Effects of propofol on mast cells and inflammation: Propofol administration led to the activation of CD40 and TNF-α expression in mast cells. This is a marker of immune activation, which plays a role in inflammation. Additionally, elevated expression of AIF1 in microglia and GFAP/S100B/OLIG2/MBP in macroglia suggests that Propofol may trigger both immune cells and glial cells in the brain.

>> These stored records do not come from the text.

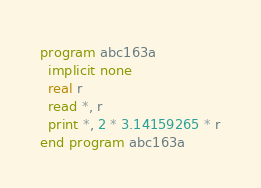<code> <loc_0><loc_0><loc_500><loc_500><_FORTRAN_>program abc163a
  implicit none
  real r
  read *, r
  print *, 2 * 3.14159265 * r
end program abc163a
</code> 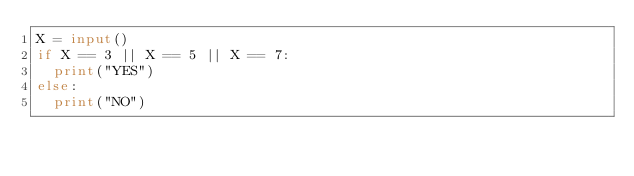<code> <loc_0><loc_0><loc_500><loc_500><_Python_>X = input()
if X == 3 || X == 5 || X == 7:
  print("YES")
else:
  print("NO")</code> 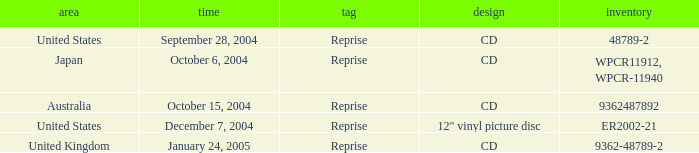What is the catalogue on october 15, 2004? 9362487892.0. 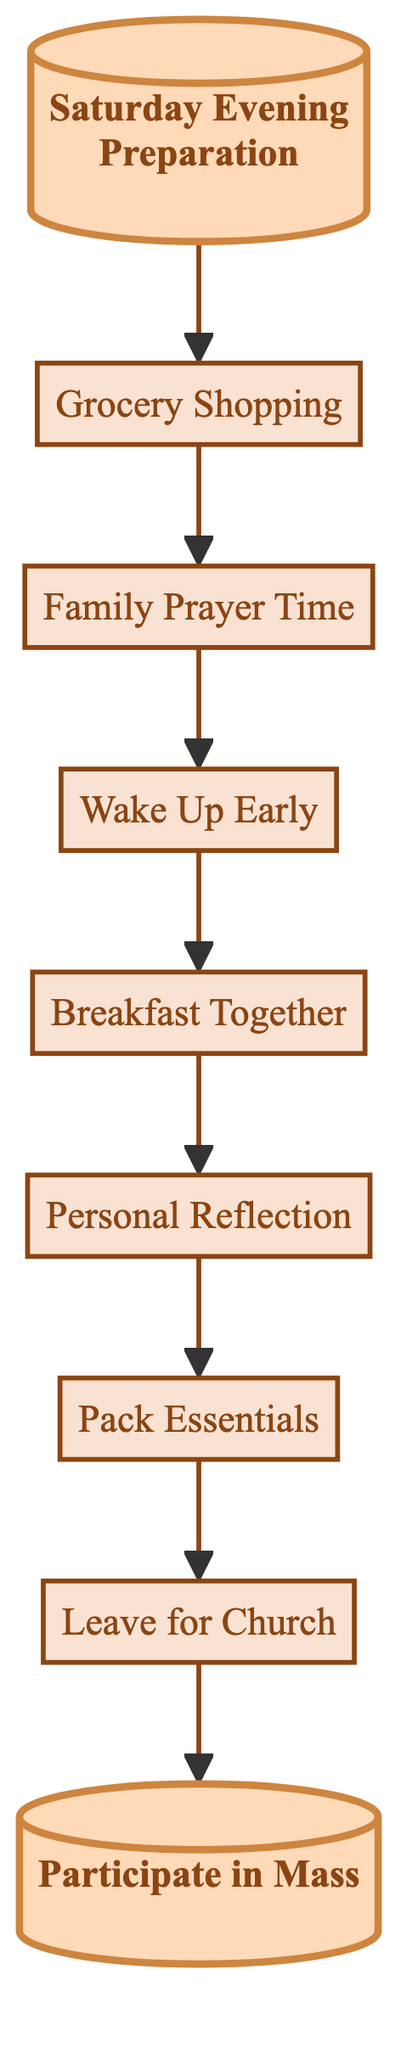What is the first step for preparing for Sunday Mass? The first step in the flow chart is "Saturday Evening Preparation," which is indicated as the starting point of the diagram.
Answer: Saturday Evening Preparation How many steps are there in the process? By counting the individual steps presented in the flow chart, we can see there are a total of nine distinct steps in the preparation process.
Answer: 9 What step comes after "Wake Up Early"? In the flow chart, the step that directly follows "Wake Up Early" is "Breakfast Together," indicating the order of preparation activities.
Answer: Breakfast Together What is the final step in the preparation for Sunday Mass? The last step shown in the flow chart is "Participate in Mass," which concludes the sequence of activities outlined in the diagram.
Answer: Participate in Mass Which step is highlighted in the diagram? The flow chart specifically highlights "Saturday Evening Preparation" at the beginning and "Participate in Mass" at the end, showing their significance.
Answer: Saturday Evening Preparation and Participate in Mass What is required before "Leave for Church"? Before "Leave for Church," the step "Pack Essentials" must be completed, as indicated by the flow in the diagram showing the order of actions.
Answer: Pack Essentials 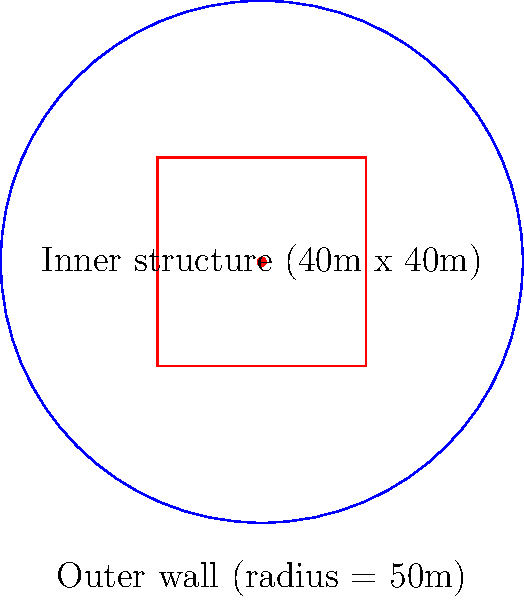An ancient fortified city has circular outer walls with a radius of 50 meters. Within the city, there is a rectangular inner structure measuring 40 meters by 40 meters. Calculate the area of the city that is not occupied by the inner structure. How might this spatial organization reflect the cultural priorities and defensive strategies of the ancient civilization? To solve this problem, we need to follow these steps:

1. Calculate the total area of the circular city:
   $A_{circle} = \pi r^2 = \pi (50\text{m})^2 = 7,853.98\text{m}^2$

2. Calculate the area of the rectangular inner structure:
   $A_{rectangle} = l \times w = 40\text{m} \times 40\text{m} = 1,600\text{m}^2$

3. Subtract the area of the inner structure from the total area:
   $A_{unoccupied} = A_{circle} - A_{rectangle} = 7,853.98\text{m}^2 - 1,600\text{m}^2 = 6,253.98\text{m}^2$

The spatial organization reflects cultural priorities and defensive strategies:

- Circular outer walls provide maximum internal space with minimum perimeter, optimizing defense.
- The central rectangular structure could represent administrative, religious, or military importance, highlighting the civilization's power structure.
- The significant unoccupied area suggests space for residential zones, markets, and potential military maneuvers, indicating a balance between civilian life and defensive needs.
Answer: $6,253.98\text{m}^2$ 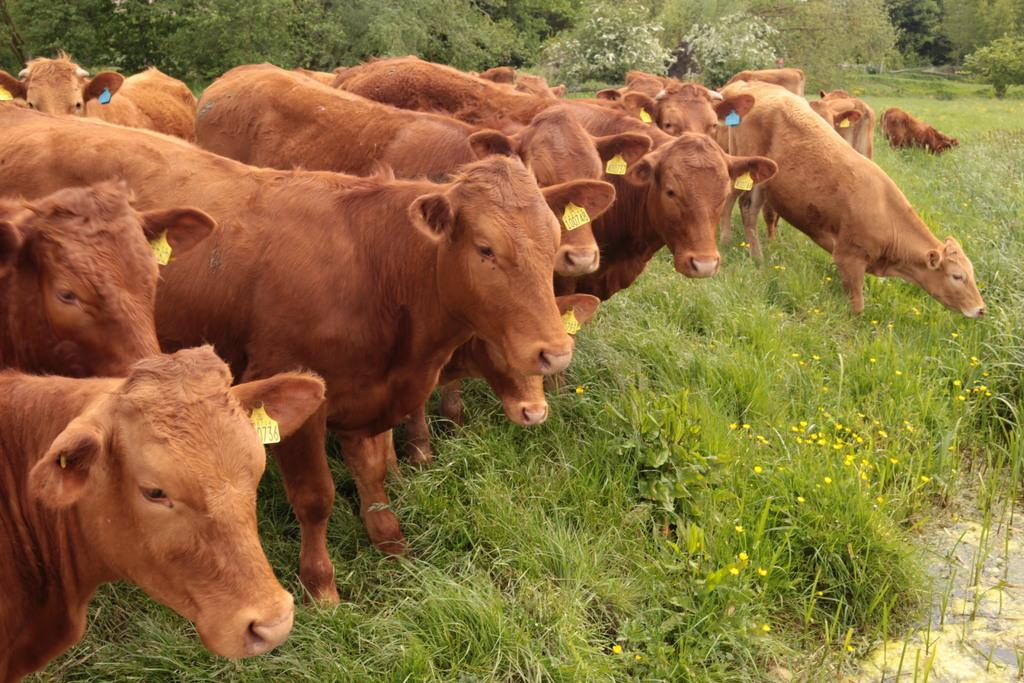What type of living organisms are present in the image? There are animals in the image. What is the color of the animals? The animals are brown in color. What can be seen in the background of the image? There is grass and trees in the background of the image. What is the color of the grass and trees? The grass and trees are green in color. What type of peace treaty is being signed by the animals in the image? There is no indication in the image that the animals are signing a peace treaty or engaging in any human-like activities. 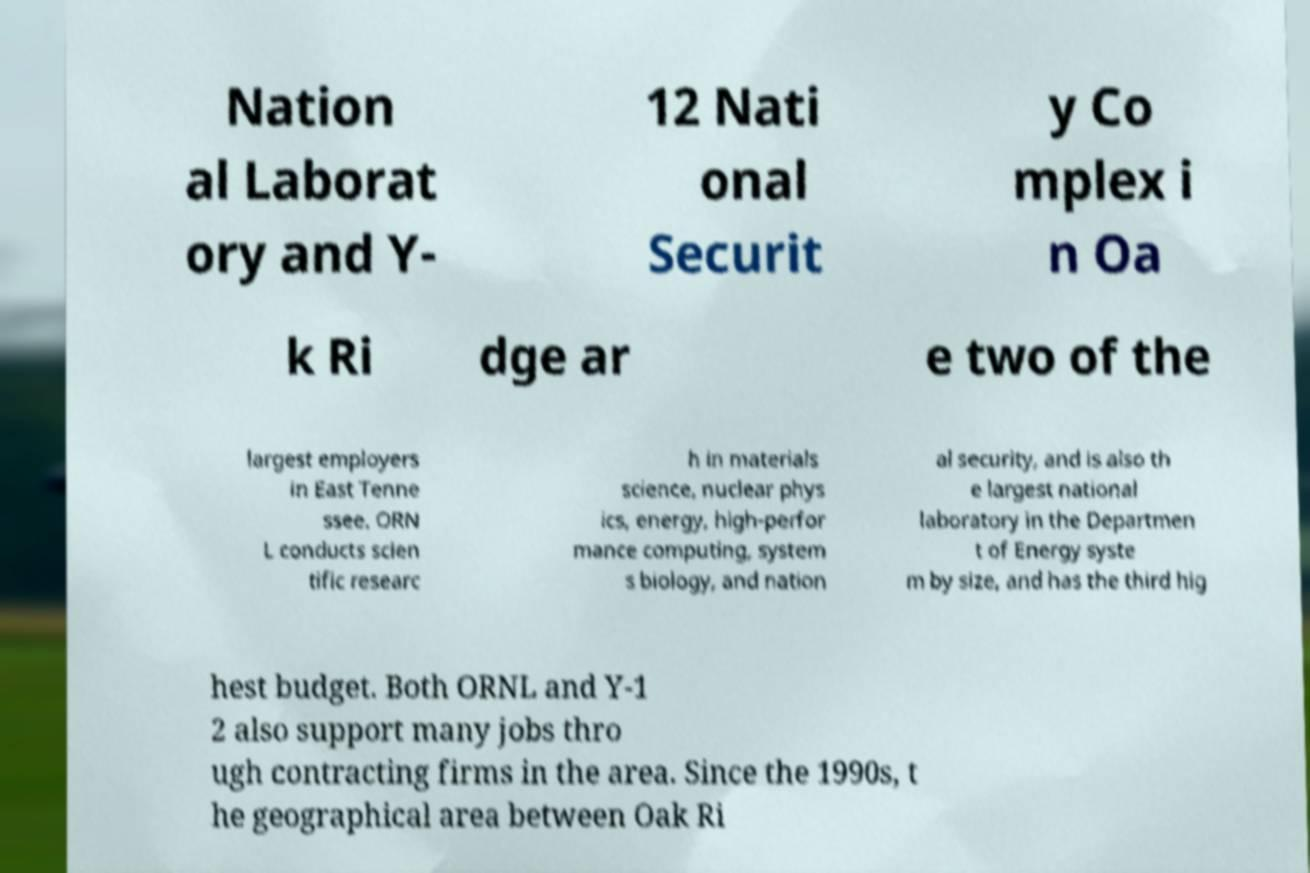For documentation purposes, I need the text within this image transcribed. Could you provide that? Nation al Laborat ory and Y- 12 Nati onal Securit y Co mplex i n Oa k Ri dge ar e two of the largest employers in East Tenne ssee. ORN L conducts scien tific researc h in materials science, nuclear phys ics, energy, high-perfor mance computing, system s biology, and nation al security, and is also th e largest national laboratory in the Departmen t of Energy syste m by size, and has the third hig hest budget. Both ORNL and Y-1 2 also support many jobs thro ugh contracting firms in the area. Since the 1990s, t he geographical area between Oak Ri 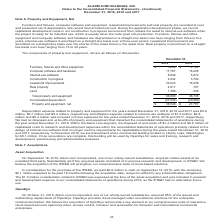According to Alarmcom Holdings's financial document, What was the depreciation expense related to property and equipment for the years ended December 31, 2019? According to the financial document, $5.9 million (in millions). The relevant text states: "e years ended December 31, 2019, 2018 and 2017 was $5.9 million, $5.7 million and $5.4 million, respectively. Amortization expense related to internal-use software..." Also, How much did the company purchase land a commercial building located in Liberty Lake, Washington for in December 2019? According to the financial document, $5.1 million (in millions). The relevant text states: "l building located in Liberty Lake, Washington for $5.1 million. Once renovations are complete, this building will be used by OpenEye for sales and training, resea..." Also, What was the amount of Furniture, fixtures and office equipment in 2019? According to the financial document, $5,604 (in thousands). The relevant text states: "9 2018 Furniture, fixtures and office equipment $ 5,604 $ 4,102 Computer software and hardware 17,767 16,228 Internal-use software 8,949 5,072 Construction..." Also, How many net components of property and equipment in 2019 exceeded $20,000 thousand? Based on the analysis, there are 1 instances. The counting process: Leasehold improvements. Also, can you calculate: What was the change in leasehold improvements between 2018 and 2019? Based on the calculation: 23,223-18,338, the result is 4885 (in thousands). This is based on the information: "on in progress 4,232 3,790 Leasehold improvements 23,223 18,338 Real property 4,917 707 Land 1,398 508 Total property and equipment 66,090 48,745 Accumulate rogress 4,232 3,790 Leasehold improvements ..." The key data points involved are: 18,338, 23,223. Also, can you calculate: What was the percentage change in the total property and equipment between 2018 and 2019? To answer this question, I need to perform calculations using the financial data. The calculation is: (66,090-48,745)/48,745, which equals 35.58 (percentage). This is based on the information: "and 1,398 508 Total property and equipment 66,090 48,745 Accumulated depreciation (27,542) (20,988) Property and equipment, net $ 38,548 $ 27,757 7 707 Land 1,398 508 Total property and equipment 66,0..." The key data points involved are: 48,745, 66,090. 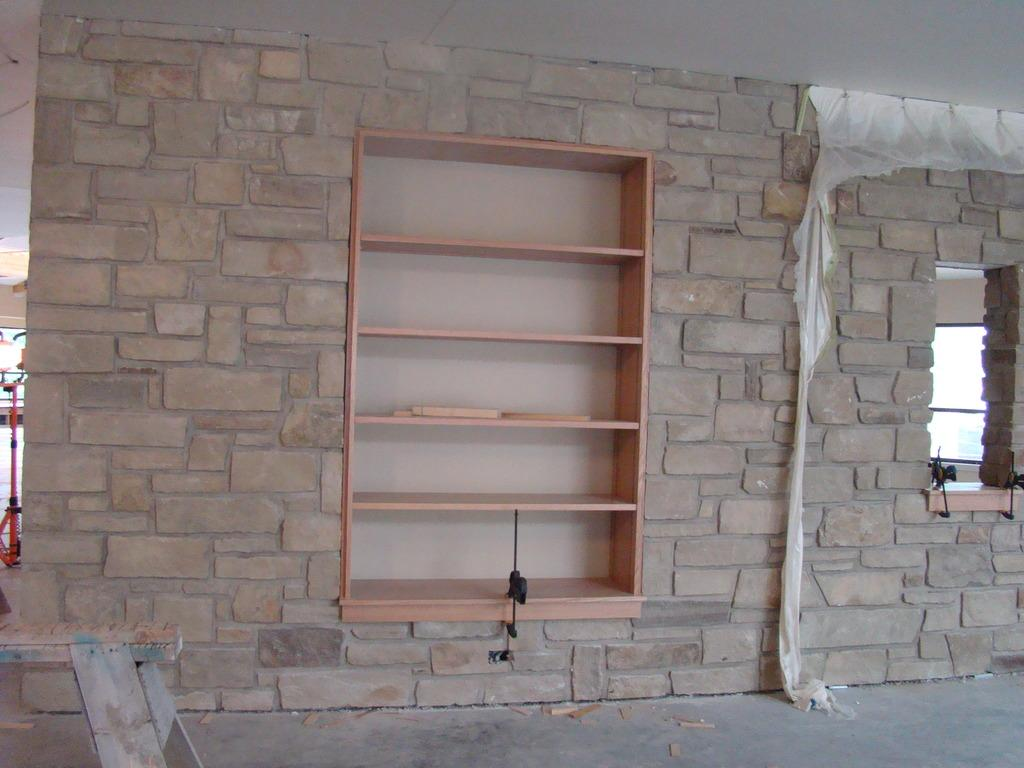What can be seen in the image that is used for holding or organizing items? There is a rack in the image that is used for holding or organizing items. What type of structure is visible in the background of the image? There is a wall in the image that serves as a background structure. How many oranges are on the design of the wall in the image? There is no mention of oranges or a design on the wall in the image.

Neuroinflammation: Gene expression markers like NOS2, CD80, CD40, CD68, IL6, and TNF-α were upregulated in cerebral organoids, indicating a pro-inflammatory response. This inflammation was associated with higher expression of GJB1 (a protein related to cell communication) and an increase in GABA-A and NMDAR1 receptors, which are implicated in neurotransmission.
Effects of midazolam on mast cell proliferation and BBB disruption: Unlike propofol, midazolam predominantly activated mast cells, increasing the expression of CD40 and CD203c+, markers of mast cell activation and proliferation. Moreover, it compromised the integrity of the blood-brain barrier, as indicated by reduced TEER values and barrier disruption.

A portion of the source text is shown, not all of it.